Cinn determined from then on that her mission at Juilliard would be to go beyond even the grand concert performance career of Miss Anderson to sing on the world’s great stages of opera. Forget Constitution Hall! Cinnamon Turner set her sights on La Scala, the London Opera, and the Met!
The Norwegian composer Dvorák in 1893 had declared American Negro spirituals the root of truly new American music. Since the end of the Civil War, the Fisk Jubilee Singers had stunned the world with their repertoire of these indigenous songs by anonymous composers. The great baritone Paul Robeson and tenor Roland Hayes in concert performances
across the globe had through their renditions of American Negro spirituals become social and political ambassadors not only for the struggle of black Americans but for the plight of workers and the oppressed everywhere, linking the resistance of American slaves to resistance struggles throughout the world. But when Miss Anderson launched into that dulcimer spiritual “I’m trampin’, try’na make heaven my home,” Cinnamon Turner could not hear these things. She could not hear the song of resistance. She could not hear the coded message detailing an escape route. She could not hear the determination of a vanquished and impoverished people to have their glory. She, who had gotten her training in the South, who was steeped in the tradition, chafed at the expectation that it would be in every black singer’s repertoire. She herself, who wanted so much to be free, could not bear the longing. There was too much emotion overwhelming her, the wail of all those souls, threatening to sweep her away. She could not hear hunger for freedom or feel the abiding faith that it would come. She could only feel the sting of degradation and passivity. For her these were not the songs of liberation and beauty, but the cobbled-together mumbo-jumbo of slaves, of a people without value or pride, the persistent reminder of a past she would sooner bury and forget.

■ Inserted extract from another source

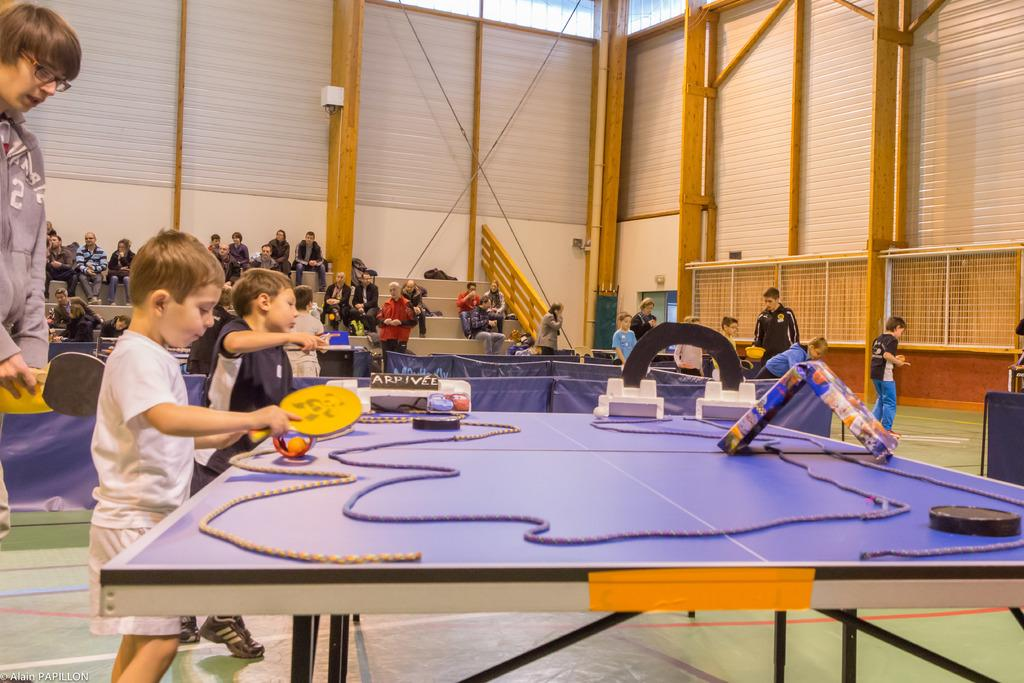How many kids are in the image? There are two kids in the image. What are the kids doing in the image? The kids are playing with bats. What can be seen on the table in the image? There is a rope on the table, along with other things. What is visible in the background of the image? There are people sitting on steps in the background. Who is standing behind one of the kids? A person is standing behind one of the kids. What type of discussion is taking place between the kids and the beast in the image? There is no beast present in the image, and therefore no discussion can be observed.

The South had given her an advantage. Stressing the value of enunciation, clipping her sentences, Eudora had told her, “You carry the responsibility for the Negro people with every step and every breath. Everywhere you go, you set an example.” The church had given her opportunities to perform, even financial help, passing the plate. She was asked often to sing for weddings, settin’ ups, and funerals. Midnight burials, waiting for the spirit to go home, ’fore the stars finally fade. The people would sit up all night. The walkway lined with torches, a steady stream of visitors, ragged and bedraggled Holy Rollers, the droning rumble of their feet standing in for ancestral drums. The worst one, the last, a young child had died. The mother got up—dancing, got happy, jumped up, body gyrating and bouncing, shifting into hysterical spasms, up and down the aisle of torches, her skirt flying dangerously close to the flames, the people unable to contain her body, buoyant with the light of the spirit come upon her. “Don’t get tired, don’t give up . . . Lord, take my child!”